Heine e o Dom Quixote

Ilustração: Salvador Dalí

“ na literatura universal é o Dom Quixote a primeira grandiosa obra de arte em prosa porque o humorismo é o sentimento da poesia em face da prosa da vida”. Heine

O poeta romântico e escritor alemão Heinrich Heine ( 1797 – 1856) foi um grande foi um grande leitor e admirador do Quixote. Num prefácio a uma edição alemã do Quixote de 1837, ilustrada por Tony Johannot, ele lembra dos doces momentos da infância passados na companhia do grande livro e diz que chorou quando leu a obra.

Escreve Heine nesse prefácio que ajudou a disseminar e popularizar a obra na Alemanha romântica e no mundo. Vida e feitos do engenhoso fidalgo Dom Quixote de la Mancha, descritos por Miguel de Cervantes Saavedra, foi o primeiro livro que li, quando já era uma criança ajuizada e relativamente ajuizada. Ainda me lembro perfeitamente daqueles tempinhos, quando saia de casa em surdina, de manha cedo em direção ao Jardim da Corte, para ler em paz o Dom Quixote. Era um belo dia de maio, a primavera em flor, na tranqüila luz da manhã, parecia ser toda ouvidos, louvadas pelo rouxinol, seu doce adulador, que cantou um hino tão carinhoso e suave, tão sentimental e entusiasmado, que os brotos envergonhados, desabrocharam….

Eu, porém, sentado num velho banco de pedra musguento, na chamada Alameda do Suspiro, perto da cascata regozijava meu pequeno coração com as grandes aventuras do corajoso fidalgo. Na minha sinceridade de criança, levava tudo muito a sério. Quanto mais grotescamente o destino tratasse o pobre herói, mas eu achava que era preciso ser assim, que o destino de ser ridicularizado fazia parte do heroísmo, assim como sofrer as coisas no corpo, e se essas eu sentia na alma, aquilo me causava pena…

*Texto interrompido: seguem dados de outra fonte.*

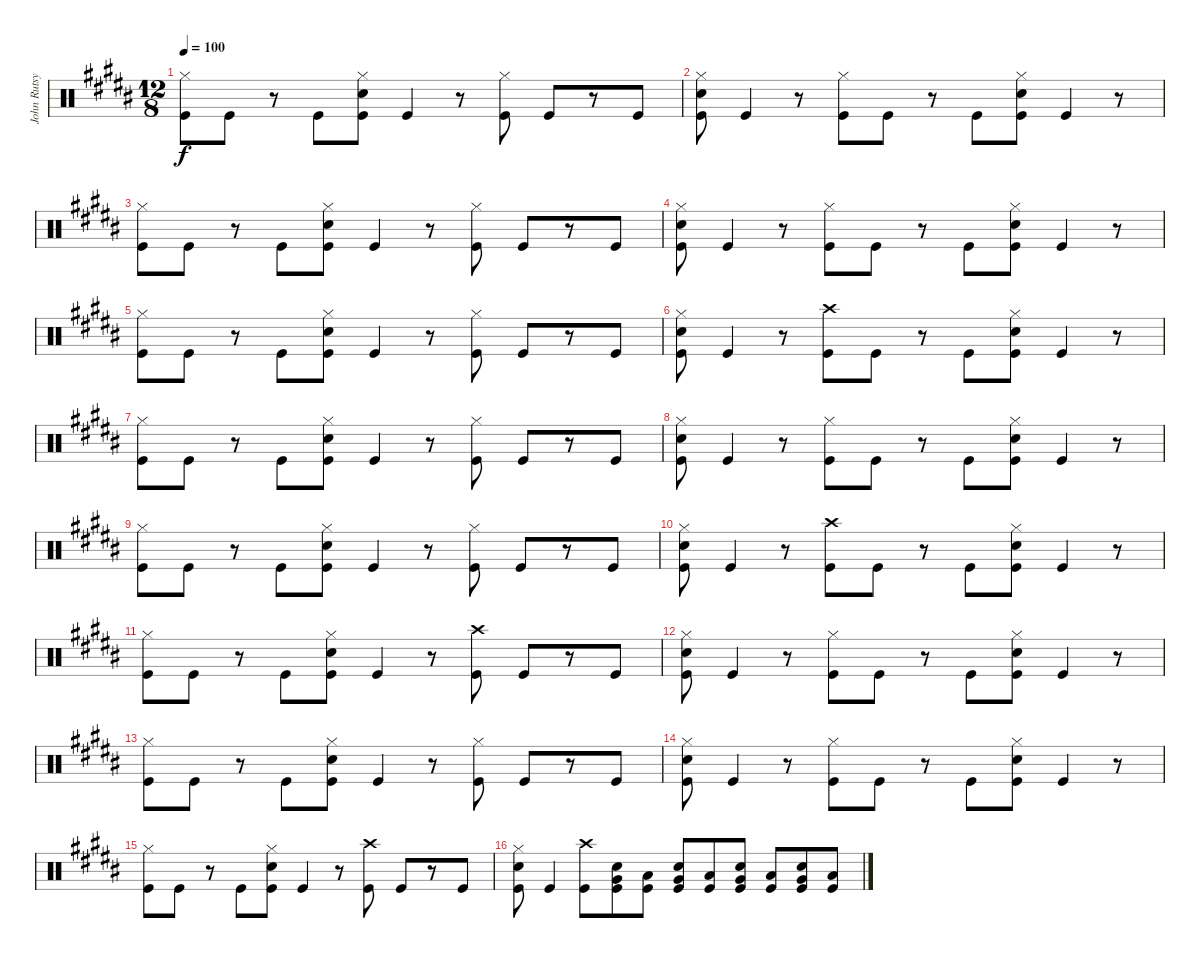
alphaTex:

\track ("John Rutsy Drums" "John Rutsy") {instrument percussion}
\staff {score}
\articulation defaults
\ts (12 8)
\tempo 100
\clef neutral
\ks b
("Hi-Hat (closed)" "Kick (hit)").8{dy f} "Kick (hit)".8 r.8 "Kick (hit)".8 ("Hi-Hat (closed)" "Snare (hit) 2" "Kick (hit)").8 "Kick (hit)".4 r.8 ("Hi-Hat (closed)" "Kick (hit)").8 "Kick (hit)".8 r.8 "Kick (hit)".8 |
("Hi-Hat (closed)" "Snare (hit) 2" "Kick (hit)").8 "Kick (hit)".4 r.8 ("Hi-Hat (closed)" "Kick (hit)").8 "Kick (hit)".8 r.8 "Kick (hit)".8 ("Hi-Hat (closed)" "Snare (hit) 2" "Kick (hit)").8 "Kick (hit)".4 r.8 |
("Hi-Hat (closed)" "Kick (hit)").8 "Kick (hit)".8 r.8 "Kick (hit)".8 ("Hi-Hat (closed)" "Snare (hit) 2" "Kick (hit)").8 "Kick (hit)".4 r.8 ("Hi-Hat (closed)" "Kick (hit)").8 "Kick (hit)".8 r.8 "Kick (hit)".8 |
("Hi-Hat (closed)" "Snare (hit) 2" "Kick (hit)").8 "Kick (hit)".4 r.8 ("Hi-Hat (closed)" "Kick (hit)").8 "Kick (hit)".8 r.8 "Kick (hit)".8 ("Hi-Hat (closed)" "Snare (hit) 2" "Kick (hit)").8 "Kick (hit)".4 r.8 |
("Hi-Hat (closed)" "Kick (hit)").8 "Kick (hit)".8 r.8 "Kick (hit)".8 ("Hi-Hat (closed)" "Snare (hit) 2" "Kick (hit)").8 "Kick (hit)".4 r.8 ("Hi-Hat (closed)" "Kick (hit)").8 "Kick (hit)".8 r.8 "Kick (hit)".8 |
("Hi-Hat (closed)" "Snare (hit) 2" "Kick (hit)").8 "Kick (hit)".4 r.8 ("Crash high (hit)" "Kick (hit)").8 "Kick (hit)".8 r.8 "Kick (hit)".8 ("Hi-Hat (closed)" "Snare (hit) 2" "Kick (hit)").8 "Kick (hit)".4 r.8 |
("Hi-Hat (closed)" "Kick (hit)").8 "Kick (hit)".8 r.8 "Kick (hit)".8 ("Hi-Hat (closed)" "Snare (hit) 2" "Kick (hit)").8 "Kick (hit)".4 r.8 ("Hi-Hat (closed)" "Kick (hit)").8 "Kick (hit)".8 r.8 "Kick (hit)".8 |
("Hi-Hat (closed)" "Snare (hit) 2" "Kick (hit)").8 "Kick (hit)".4 r.8 ("Hi-Hat (closed)" "Kick (hit)").8 "Kick (hit)".8 r.8 "Kick (hit)".8 ("Hi-Hat (closed)" "Snare (hit) 2" "Kick (hit)").8 "Kick (hit)".4 r.8 |
("Hi-Hat (closed)" "Kick (hit)").8 "Kick (hit)".8 r.8 "Kick (hit)".8 ("Hi-Hat (closed)" "Snare (hit) 2" "Kick (hit)").8 "Kick (hit)".4 r.8 ("Hi-Hat (closed)" "Kick (hit)").8 "Kick (hit)".8 r.8 "Kick (hit)".8 |
("Hi-Hat (closed)" "Snare (hit) 2" "Kick (hit)").8 "Kick (hit)".4 r.8 ("Crash high (hit)" "Kick (hit)").8 "Kick (hit)".8 r.8 "Kick (hit)".8 ("Hi-Hat (closed)" "Snare (hit) 2" "Kick (hit)").8 "Kick (hit)".4 r.8 |
("Hi-Hat (closed)" "Kick (hit)").8 "Kick (hit)".8 r.8 "Kick (hit)".8 ("Hi-Hat (closed)" "Snare (hit) 2" "Kick (hit)").8 "Kick (hit)".4 r.8 ("Crash high (hit)" "Kick (hit)").8 "Kick (hit)".8 r.8 "Kick (hit)".8 |
("Hi-Hat (closed)" "Snare (hit) 2" "Kick (hit)").8 "Kick (hit)".4 r.8 ("Hi-Hat (closed)" "Kick (hit)").8 "Kick (hit)".8 r.8 "Kick (hit)".8 ("Hi-Hat (closed)" "Snare (hit) 2" "Kick (hit)").8 "Kick (hit)".4 r.8 |
("Hi-Hat (closed)" "Kick (hit)").8 "Kick (hit)".8 r.8 "Kick (hit)".8 ("Hi-Hat (closed)" "Snare (hit) 2" "Kick (hit)").8 "Kick (hit)".4 r.8 ("Hi-Hat (closed)" "Kick (hit)").8 "Kick (hit)".8 r.8 "Kick (hit)".8 |
("Hi-Hat (closed)" "Snare (hit) 2" "Kick (hit)").8 "Kick (hit)".4 r.8 ("Hi-Hat (closed)" "Kick (hit)").8 "Kick (hit)".8 r.8 "Kick (hit)".8 ("Hi-Hat (closed)" "Snare (hit) 2" "Kick (hit)").8 "Kick (hit)".4 r.8 |
("Hi-Hat (closed)" "Kick (hit)").8 "Kick (hit)".8 r.8 "Kick (hit)".8 ("Hi-Hat (closed)" "Snare (hit) 2" "Kick (hit)").8 "Kick (hit)".4 r.8 ("Crash high (hit)" "Kick (hit)").8 "Kick (hit)".8 r.8 "Kick (hit)".8 |
("Hi-Hat (closed)" "Snare (hit) 2" "Kick (hit)").8 "Kick (hit)".4 ("Crash high (hit)" "Kick (hit)").8 ("Snare (hit) 2" "Very Low Tom (hit)" "Kick (hit)").8 ("Low Tom (hit)" "Kick (hit)").8 ("Snare (hit) 2" "Very Low Tom (hit)" "Kick (hit)").8 ("Low Tom (hit)" "Kick (hit)").8 ("Snare (hit) 2" "Very Low Tom (hit)" "Kick (hit)").8 ("Low Tom (hit)" "Kick (hit)").8 ("Snare (hit) 2" "Very Low Tom (hit)" "Kick (hit)").8 ("Low Tom (hit)" "Kick (hit)").8
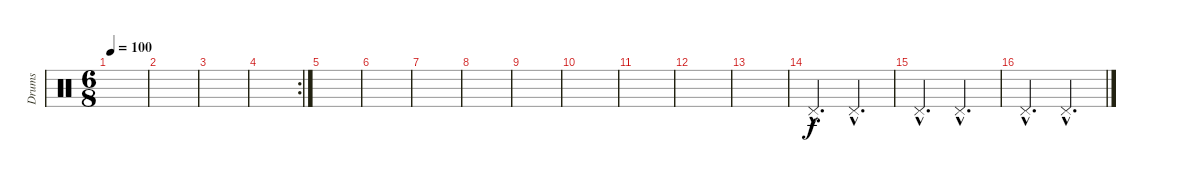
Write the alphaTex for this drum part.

\track ("Drums" "Drums") {instrument percussion}
\staff {score}
\articulation defaults
\ts (6 8)
\tempo 100
\clef neutral
\ks c
|
|
|
\rc 2
|
|
|
|
|
|
|
|
|
|
"Pedal Hi-Hat (hit)"{hac}.4{d} "Pedal Hi-Hat (hit)"{hac}.4{d} |
"Pedal Hi-Hat (hit)"{hac}.4{d} "Pedal Hi-Hat (hit)"{hac}.4{d} |
"Pedal Hi-Hat (hit)"{hac}.4{d} "Pedal Hi-Hat (hit)"{hac}.4{d}

O Dom Quixote é uma personagem de ficção que se transforma num mito. Um personagem que encarna alguns dos bens mais preciosos do ser humano: a luta por justiça, a generosidade e a ética. Até o romantismo o personagem era tratado como uma figura cômica. Com o romantismo a leitura do livro foi outra e o personagem cresceu assumindo feições de grande conteúdo simbólico e filosófico. A saga do cavaleiro da triste figura era a saga do homem lutando, sofrendo e perseverando na sua fugaz existência na terra.

A leitura dos românticos e do grande poeta Heine, em particular, ajudou na consolidação do personagem Quixote, como um dos maiores personagens que permeia toda a literatura. A loucura e sofrimento do herói cervantino é mostrada com muito humor, junto com seu par inseparável e igualmente grandioso.

Cervantes foi um grande humorista, mas seu engenho e arte estão longe do humor, observa Freud no tomo I de suas obras completas.